Oblivion had the same thatched roofs in the same places (villages). If you want to see whether technology advanced look at what the rich players have. The Blue Palace, for example, is far ahead of the castles in Oblivion. Asthetically it looks like a 17th/18th-century European palace -- at least on the outside.
The other thing to keep in mind is most fantasy media are terrible with technology. You'll see bronze-age stuff mixed with 19th-century stuff and everything in between. The Elder Scrolls games are a perfect showcase for this. Games are designed primarily by artists who create something appealing rather than realistic. My favourite Skyrim example of this is the upstairs area of Proudspire Manor. The ceiling is divided into four vaults with no column supporting the centre. It should fall down. Drives me mental, but I'll probably live.
lol
This gets back to a recurring theme of mine. The visuals in Skyrim are pretty good, overall. I can tell that the art crew did a good job of researching, well, not exactly what actual Norse styles of art and armor and such looked like, but they do show the influence of later nineteenth century representations of Norse culture. The horned helmets show that much. The actual norse didn't wear horned helmets, but they were depicted that way sometimes in 19th century art, so to me they did a pretty good job.
But so many other fantasy artists betray no sense of having ever looked at anything outside of fantasy art, just as a lot of comic artists appear never to emulate anything except older superhero comic book artists - and by "older" I mean artists from waaaaay back in the eighties and the like. This applies to science fiction as well. Why is the original Enterprise a classic piece of fictional design, while the ships from the later series stink? Quick - what did the Reman ship in the last Next Generation movie look like? What did the Romulan mining ship in the most recent Trek reboot movie look like? You probably can't picture them, just as I can't, and I'm willing to bet it's because they were designed by some artist with no experience outside the world of science fiction art design.

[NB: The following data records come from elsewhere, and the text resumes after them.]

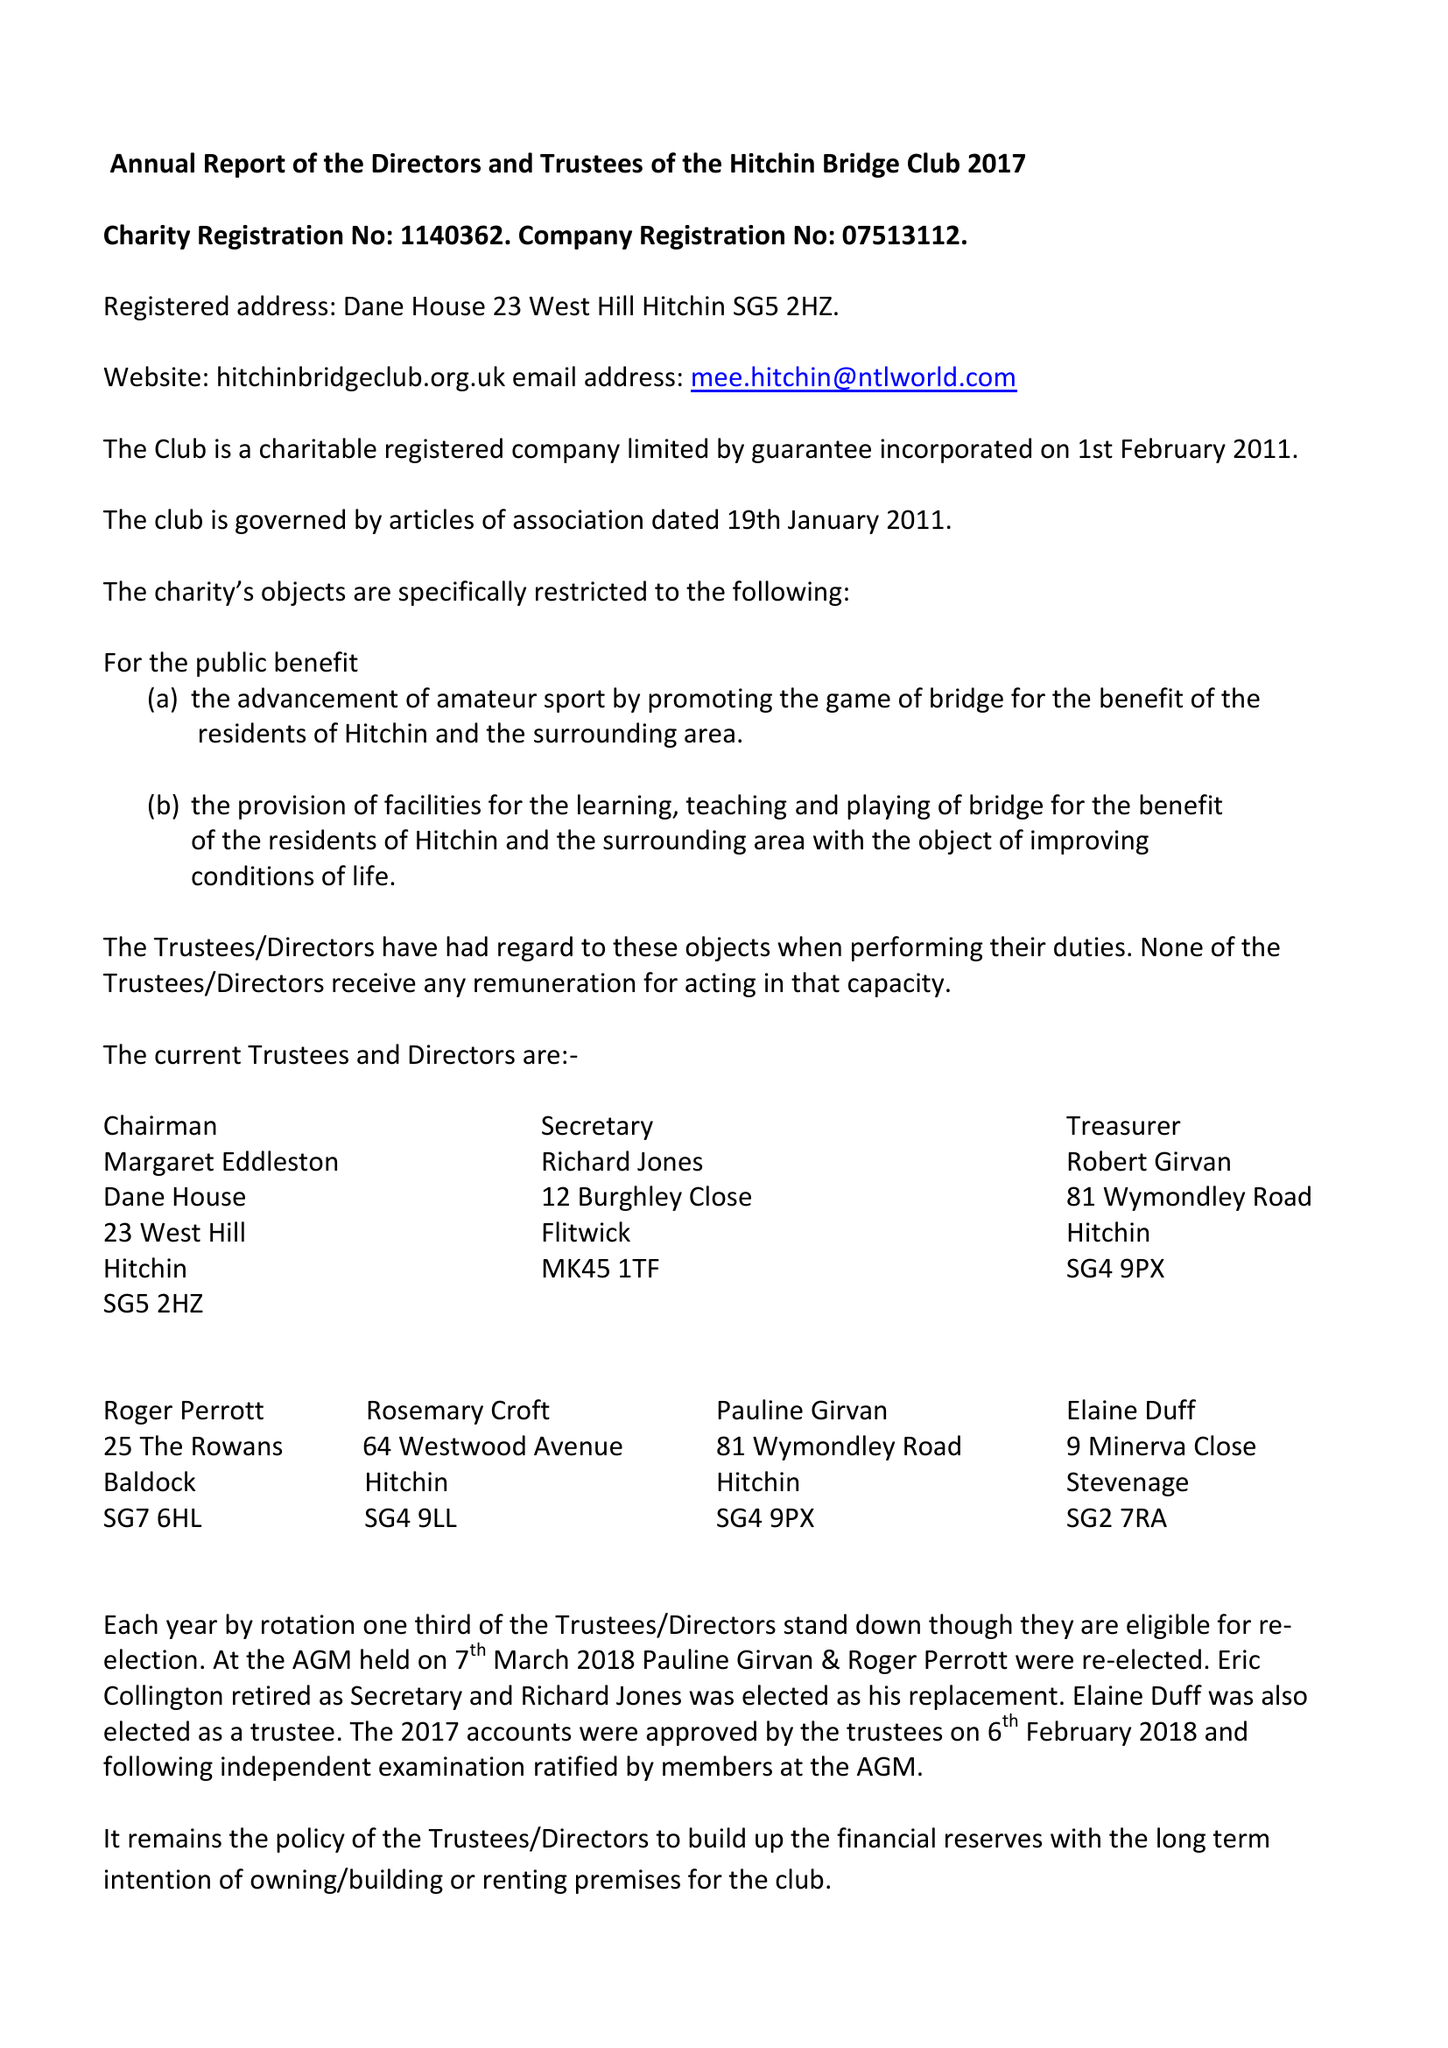What is the value for the address__street_line?
Answer the question using a single word or phrase. None 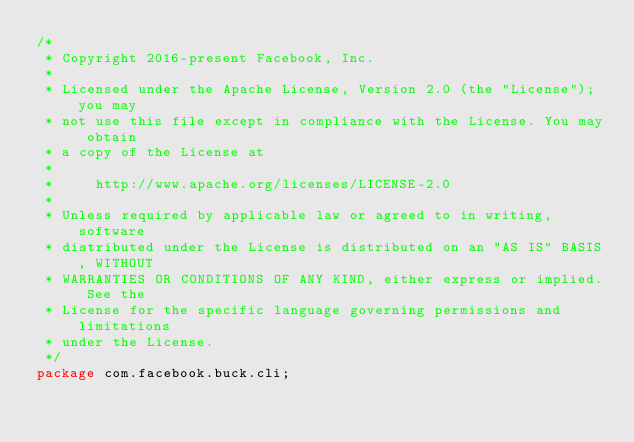<code> <loc_0><loc_0><loc_500><loc_500><_Java_>/*
 * Copyright 2016-present Facebook, Inc.
 *
 * Licensed under the Apache License, Version 2.0 (the "License"); you may
 * not use this file except in compliance with the License. You may obtain
 * a copy of the License at
 *
 *     http://www.apache.org/licenses/LICENSE-2.0
 *
 * Unless required by applicable law or agreed to in writing, software
 * distributed under the License is distributed on an "AS IS" BASIS, WITHOUT
 * WARRANTIES OR CONDITIONS OF ANY KIND, either express or implied. See the
 * License for the specific language governing permissions and limitations
 * under the License.
 */
package com.facebook.buck.cli;
</code> 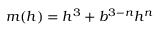Convert formula to latex. <formula><loc_0><loc_0><loc_500><loc_500>m ( h ) = h ^ { 3 } + b ^ { 3 - n } h ^ { n }</formula> 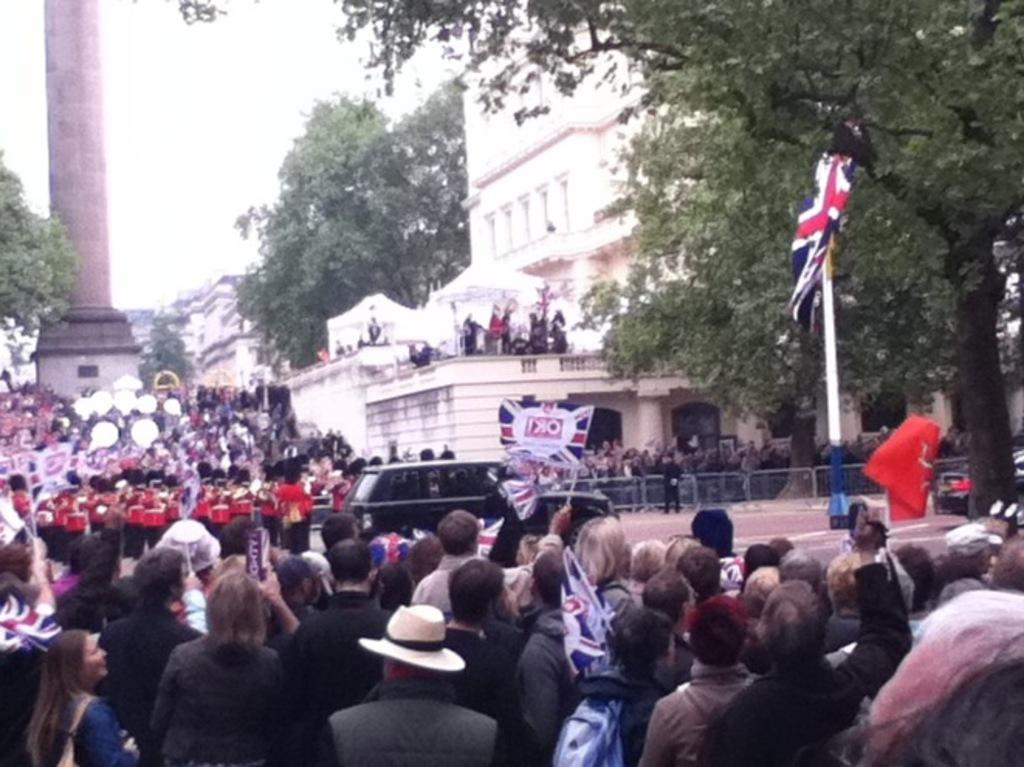How many people can be seen in the image? There are many people in the image. What can be seen in the image besides people? Flags, lights, trees, a tower, buildings, tents for shelter, a car, and barriers are visible in the image. What is the purpose of the barriers in the image? The barriers in the image may be used for crowd control or to direct the flow of people. What is visible in the sky in the image? The sky is visible in the image. Can you tell me which doctor is treating the patient in the image? There is no doctor or patient present in the image. What type of smile can be seen on the faces of the people in the image? There is no information about the expressions of the people in the image, so it cannot be determined if they are smiling. 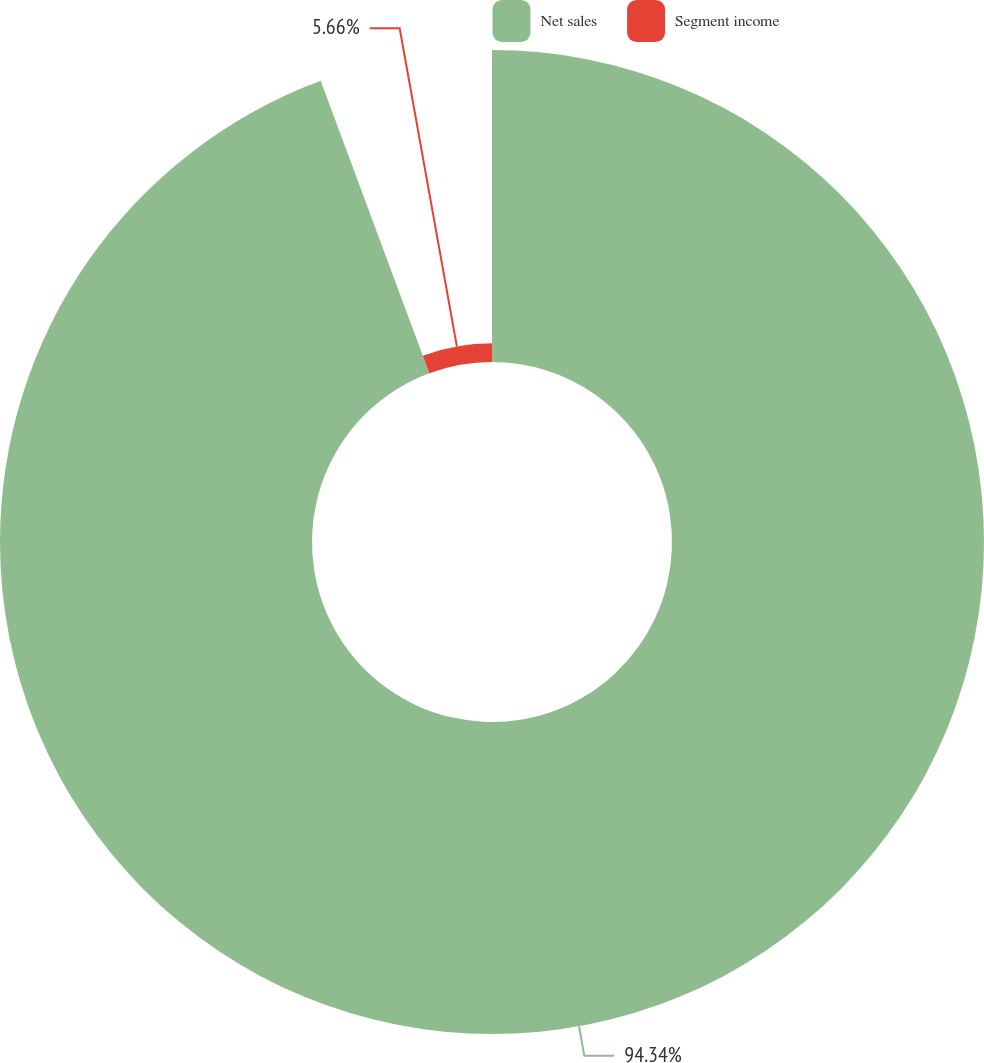Convert chart to OTSL. <chart><loc_0><loc_0><loc_500><loc_500><pie_chart><fcel>Net sales<fcel>Segment income<nl><fcel>94.34%<fcel>5.66%<nl></chart>

In contrast, the designer of the original Enterprise, http://en.wikipedia.org/wiki/Matt_Jefferies, had a background in drafting, was a flight testing engineer and restored old aircraft as a hobby. He knew how mechanical devices worked and was very concentrated on designing a ship that gave the air of being a functional, practical vehicle, regardless of the fantastic technology involved. Modern spaceship designs in most movies, however, look like the artist said "Well, these are the bad guys, right? So I guess I'll need to make their ship look scary. Better give it some spikes and blades protruding from the hull. That ought to work."